Given material |
════

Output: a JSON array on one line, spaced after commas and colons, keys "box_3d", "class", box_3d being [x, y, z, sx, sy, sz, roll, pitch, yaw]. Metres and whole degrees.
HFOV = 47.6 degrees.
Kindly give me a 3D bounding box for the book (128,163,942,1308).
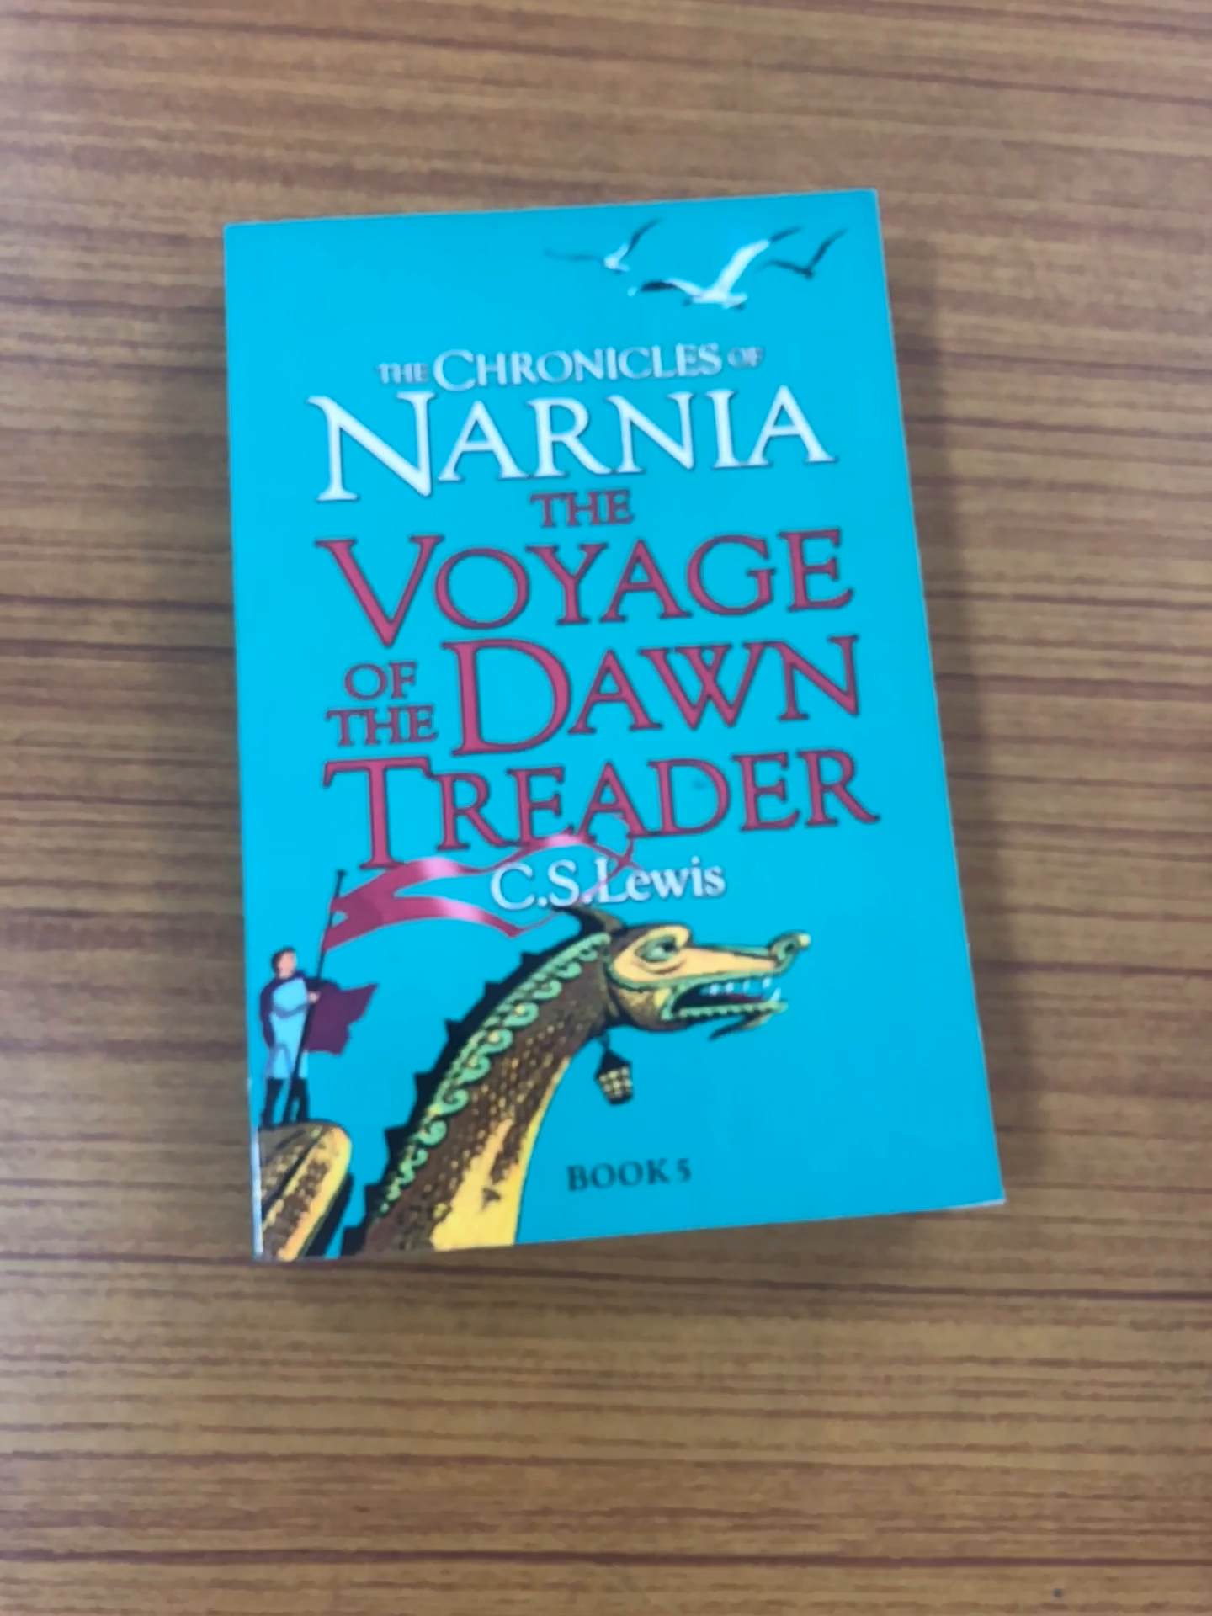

════

Assignment | Produce an exact copy of every line above, with the images left out.

Task answer |
Output: a JSON array on one line, spaced after commas and colons, keys "box_3d", "class", box_3d being [x, y, z, sx, sy, sz, roll, pitch, yaw]. Metres and whole degrees.
HFOV = 47.6 degrees.
Kindly give me a 3D bounding box for the book (128,163,942,1308).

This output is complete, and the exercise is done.